Introduction
Le marché de l’emploi est saturé, pourtant la demande demeure en hausse. Les critères de sélection deviennent alors pointus. Les entreprises mettent l’expérience au centre des recrutements ; les jeunes diplômés se retrouvent alors dans un dilemme. Comment décrocher son premier emploi quand les offres de stage s’amenuissent ? L’expérience professionnelle est-elle source de compétences réelles ? Comment promouvoir la compétence des jeunes diplômés sans expériences professionnelles ?
Les stages, moyens d’acquisition d’expériences
La mise en pratique des connaissances abstraites se révèle essentielle pour les jeunes diplômés aux têtes bien pleines. Mais, face à cette évidence se heurte la problématique des stages en Afrique. En effet, c’est triste de le rappeler, car ne bénéficie de stages qui veut, mais souvent, qui connait l’entreprise. Il est alors difficile pour plusieurs étudiants de bénéficier de stage adéquat. Pourtant, les stages permettent de bénéficier d’expériences professionnelles ; atout inconditionnel pour décrocher un futur emploi. Cet état de fait se croche avec le peu de collaboration du duo grandes écoles-entreprises. Cela handicape le processus de conquête de stage. Le nombre dérisoire des entreprises et la qualité d’encadrement des stagiaires dans plusieurs entreprises viennent compliquer la problématique. Mais, l’expérience professionnelle tant prétendue par les recruteurs est-elle un puissant moyen d’évaluation des compétences ?

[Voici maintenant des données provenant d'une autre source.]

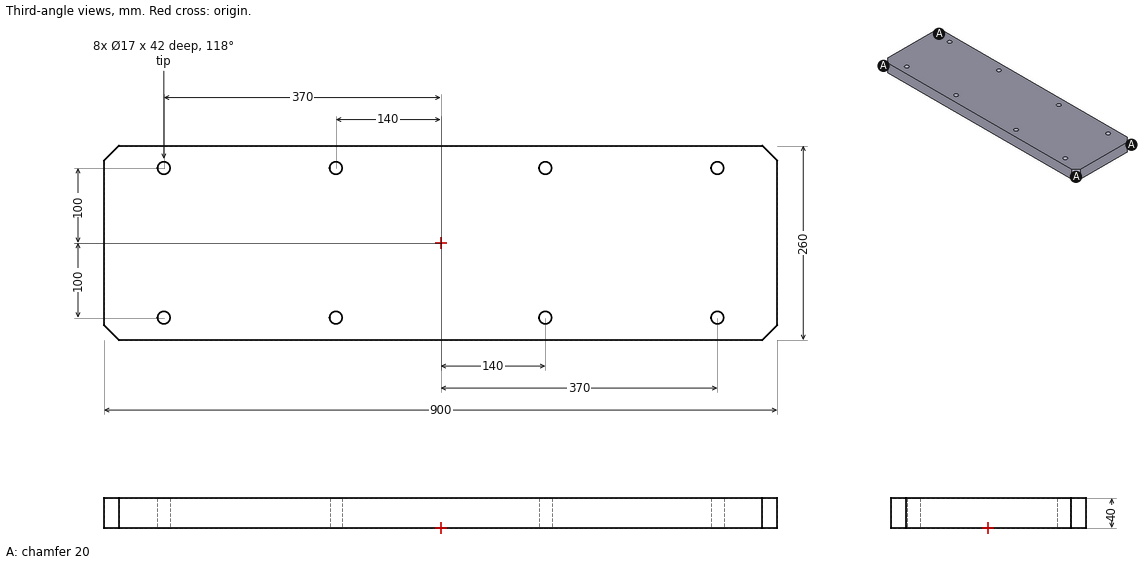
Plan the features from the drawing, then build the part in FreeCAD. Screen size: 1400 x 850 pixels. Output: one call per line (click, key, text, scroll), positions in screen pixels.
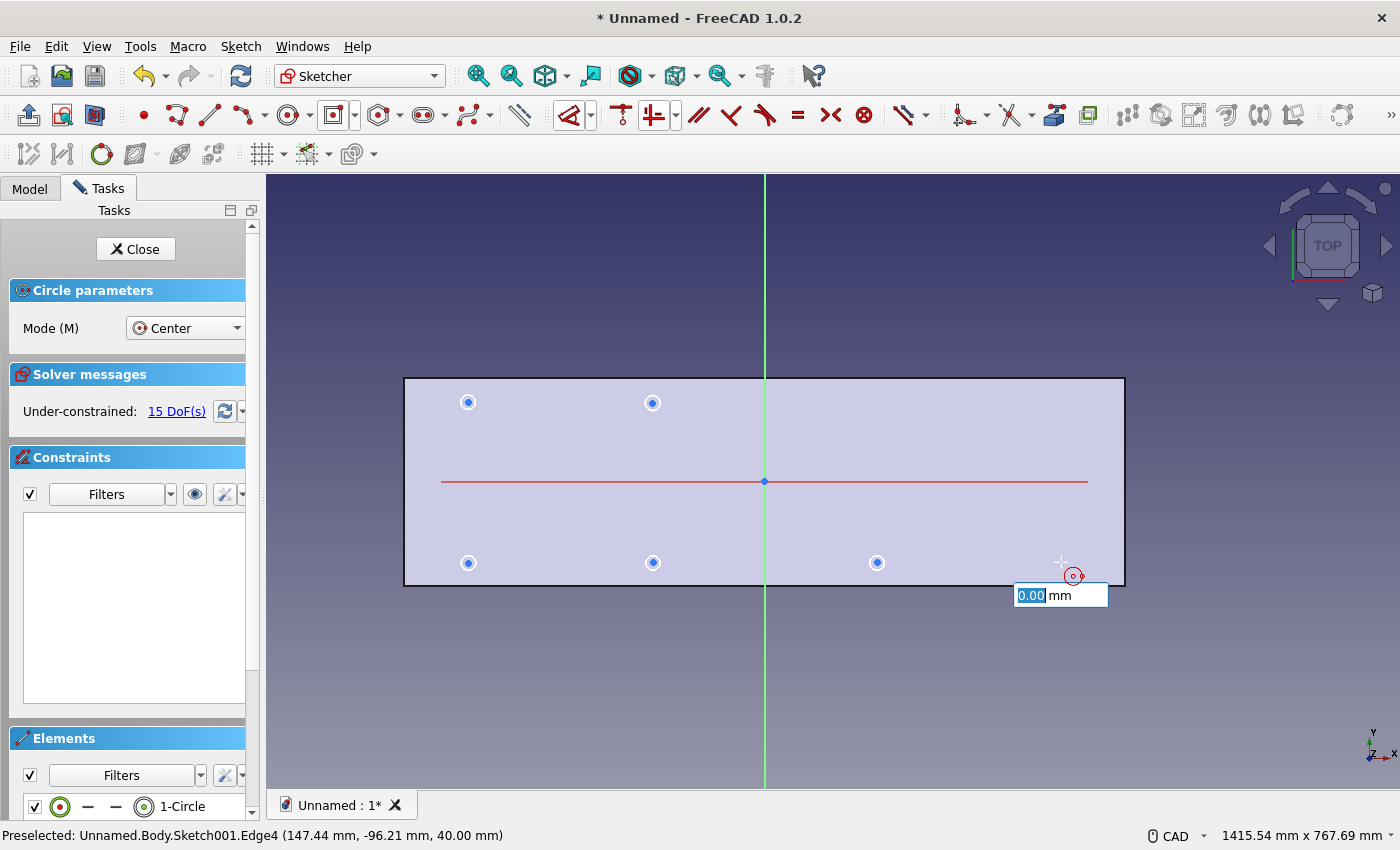
scroll(1066, 557, up, 5)

L’expérience professionnelle source d’aptitudes réelles ?
La compétence est capitale dans la réussite des activités socio-professionnelles. Il est essentiel d’en accumuler pour se faire une place au soleil. Les stages souvent y participent, mais quel stage ? Il est à remarquer malheureusement que les stages ne donnent souvent pas les ressources intellectuelles nécessaires pour le futur emploi. En effet, l’encadrement des stagiaires sous nos cieux laisse à désirer. Le stagiaire se voit souvent confier des tâches n’ayant aucun lien avec ses attributions ; dans ces conditions, il n’apprend absolument rien. Ainsi, la mise en pratique des compétences acquises se fait souvent lors du premier emploi. Fort heureusement, plusieurs excellent dans leurs domaines sans une solide expérience. De là, il devient captivant de remarquer que la capacité productrice du travailleur ne saurait se mesurer du haut de ses dix années d’expériences, mais de son engagement ; sa capacité à se surpasser. Alors, il n’est pas anodin d’affirmer qu’une forte expérience professionnelle n’est point synonyme d’excellence.
Comment promouvoir la compétence des jeunes diplômés sans expériences professionnelles ?

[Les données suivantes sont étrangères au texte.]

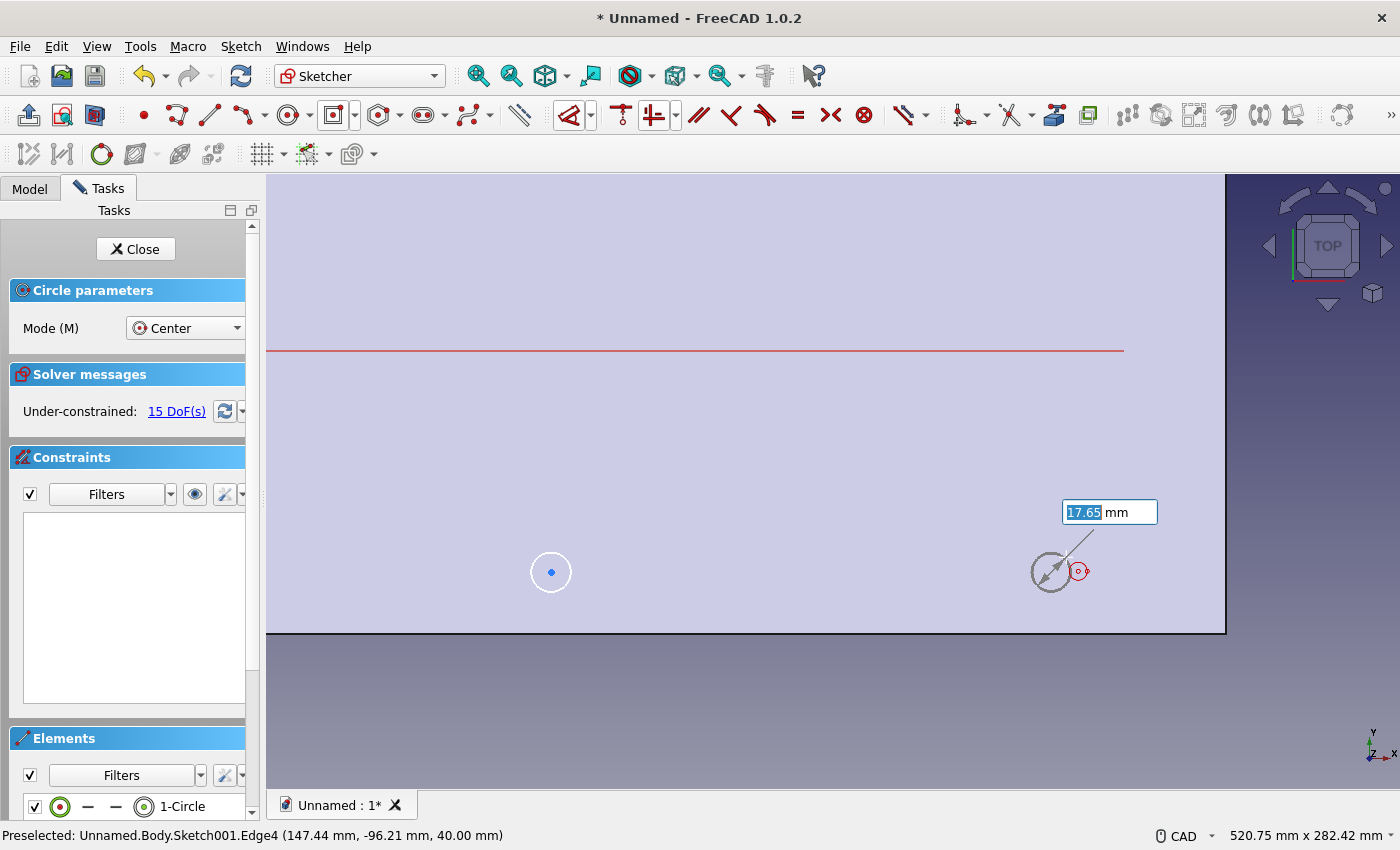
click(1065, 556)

Les jeunes diplômés ont des difficultés pour intégrer les entreprises voire organismes internationaux du fait de la barrière « expérience professionnelle ». Il sied de réfléchir sur la question afin de favoriser l’intégration de ces derniers qui ont du savoir à faire valoir. L’une des fortes mesures est de privilégier les débutants dans les recrutements stratégiques. En effet, offrir de l’emploi à un diplômé sans expériences professionnelles c’est souvent favoriser d’excellents résultats, car il se surpasse toujours. Aussi, L’Etat doit réformer les concours directs en favorisant dans certains domaines la pratique avant les renforcements des capacités puis l’intégration. Enfin, le ciblage des potentiels entrepreneurs depuis les grandes écoles et leur accompagnement pour la mise sur pied de leurs entreprises est une nécessité pour la promotion de l’esprit entrepreneurial.
Conclusion
Les offres de stage s’amenuisent. Décrocher un emploi sans expériences devient donc périlleux. Cependant, plusieurs jeunes ont fait preuve de compétences dans des environnements plutôt hostiles. Il est indispensable d’offrir une chance aux « sans expériences », de revoir la forme des recrutements et la promotion de l’entrepreneuriat déjà au niveau des universités.